---------- Study material
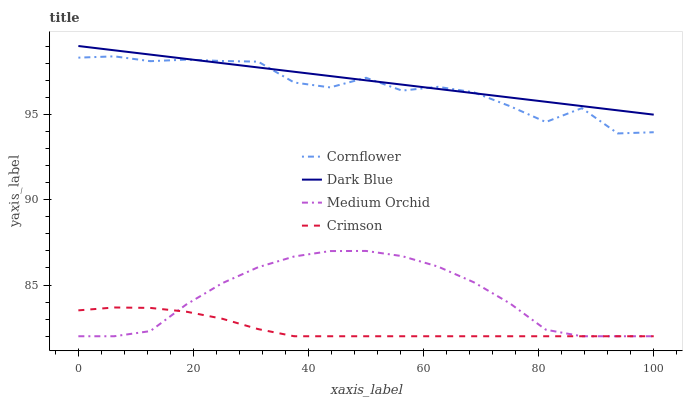Does Crimson have the minimum area under the curve?
Answer yes or no. Yes. Does Dark Blue have the maximum area under the curve?
Answer yes or no. Yes. Does Cornflower have the minimum area under the curve?
Answer yes or no. No. Does Cornflower have the maximum area under the curve?
Answer yes or no. No. Is Dark Blue the smoothest?
Answer yes or no. Yes. Is Cornflower the roughest?
Answer yes or no. Yes. Is Medium Orchid the smoothest?
Answer yes or no. No. Is Medium Orchid the roughest?
Answer yes or no. No. Does Crimson have the lowest value?
Answer yes or no. Yes. Does Cornflower have the lowest value?
Answer yes or no. No. Does Dark Blue have the highest value?
Answer yes or no. Yes. Does Cornflower have the highest value?
Answer yes or no. No. Is Crimson less than Dark Blue?
Answer yes or no. Yes. Is Cornflower greater than Crimson?
Answer yes or no. Yes. Does Dark Blue intersect Cornflower?
Answer yes or no. Yes. Is Dark Blue less than Cornflower?
Answer yes or no. No. Is Dark Blue greater than Cornflower?
Answer yes or no. No. Does Crimson intersect Dark Blue?
Answer yes or no. No.
--------------------
Restate word for word the lines in the material above from the one with "Answer yes or no. Yes. Does Dark Blue have" to the one with "Answer yes or no. Yes. Does Cornflower have the highest"; both of those lines count, and nothing else does.

Answer yes or no. Yes. Does Dark Blue have the maximum area under the curve?
Answer yes or no. Yes. Does Cornflower have the minimum area under the curve?
Answer yes or no. No. Does Cornflower have the maximum area under the curve?
Answer yes or no. No. Is Dark Blue the smoothest?
Answer yes or no. Yes. Is Cornflower the roughest?
Answer yes or no. Yes. Is Medium Orchid the smoothest?
Answer yes or no. No. Is Medium Orchid the roughest?
Answer yes or no. No. Does Crimson have the lowest value?
Answer yes or no. Yes. Does Cornflower have the lowest value?
Answer yes or no. No. Does Dark Blue have the highest value?
Answer yes or no. Yes. Does Cornflower have the highest value?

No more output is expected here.